September 9th, 2006 10:23 AM
What not to do with your weapon:
Don't point it at a policeman.
Was worker trying to toss gun?
Cell tower employee may have realized he drew weapon on police officer, who couldn't tell he wasn't a threat
In the seconds before he was shot to death in July, cell phone tower worker Anthony Wayne Furr may have realized that he had drawn a weapon on a police officer and may have been trying to drop his handgun, sources have told the Observer.
But they believe Charlotte-Mecklenburg police Officer Anthony Payne would have had no way to know that. The 10-year police veteran fired when he saw Furr raising his hand and the gun pointing in his direction, authorities have said.
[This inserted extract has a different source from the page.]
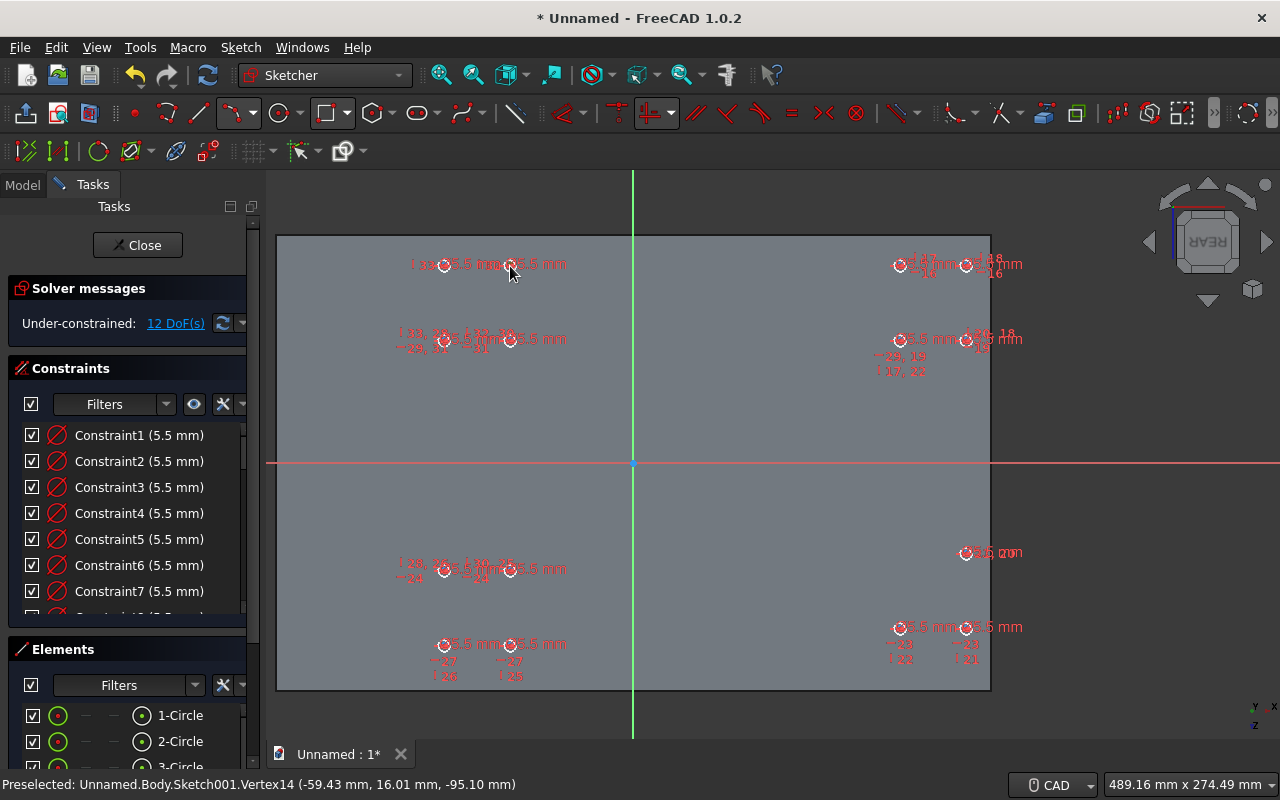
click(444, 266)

Payne fired the fatal shots after responding to a 911 call and confronting Furr at a tower base station off Albemarle Road in southeast Charlotte.
Furr, a 41-year-old Stanly County resident and father of two, was shot inside the base station's shed. His handgun was found outside the building a few feet from the door, according to the sources.
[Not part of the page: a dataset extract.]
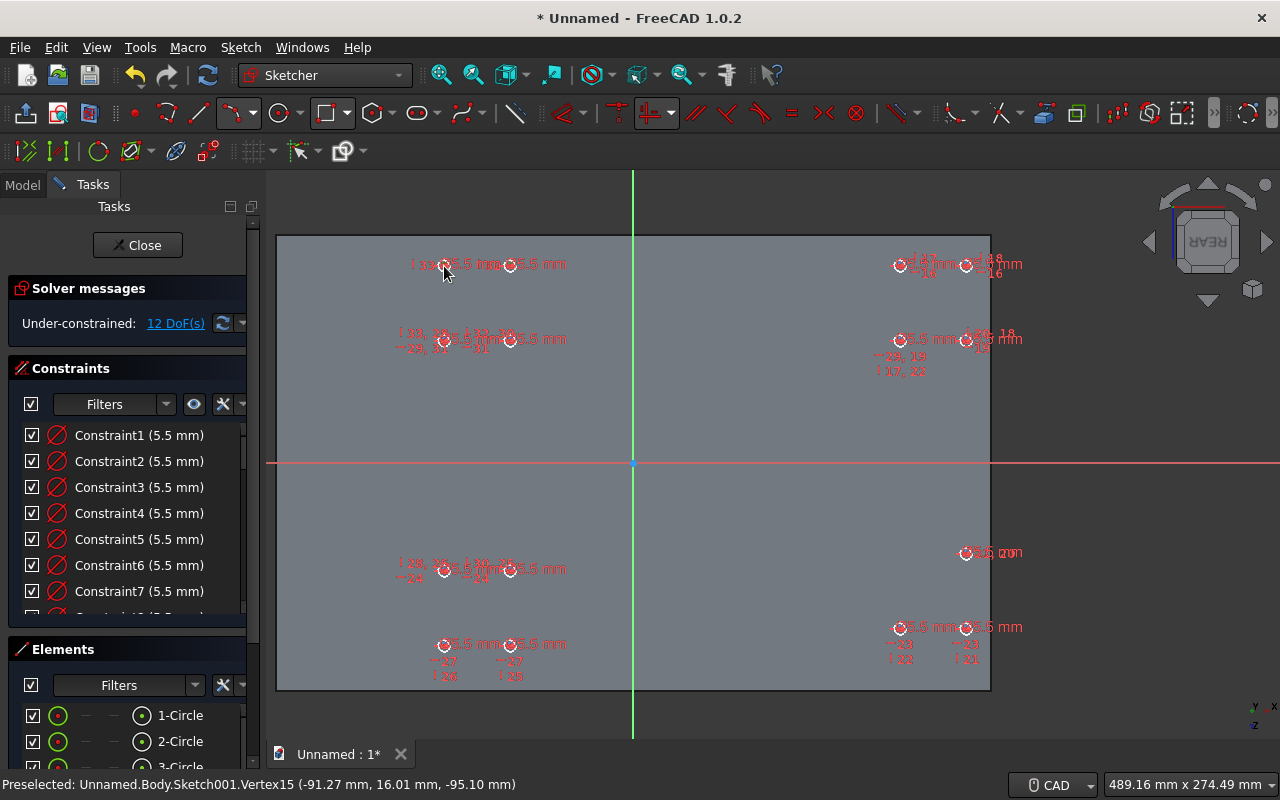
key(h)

The location of Furr's gun led authorities to believe that Furr may have realized a police officer was at the shed's door and may have been tossing his handgun outside when he was shot to death, sources said.
"He was getting ready to toss the gun out to show the officer that he was unarming himself," one source said.
Police investigative files are confidential. Authorities generally don't talk in detail about their investigations and findings. The sources agreed to talk about Furr's fatal shooting only if their identities remain anonymous.
Investigators traced the ownership of the handgun police say Furr pulled from behind his back during the deadly encounter with Payne and learned that it belonged to an acquaintance of Furr's, according to sources. Furr and the acquaintance had exchanged guns, the sources said.
Police have said Payne identified himself as a police officer and repeatedly demanded that Furr put down the gun. But noise from equipment inside the building may have kept Furr from hearing clearly.
Payne had also told Furr not to move and fired his service pistol when Furr raised the gun in the direction of the officer and walked toward him, according to police.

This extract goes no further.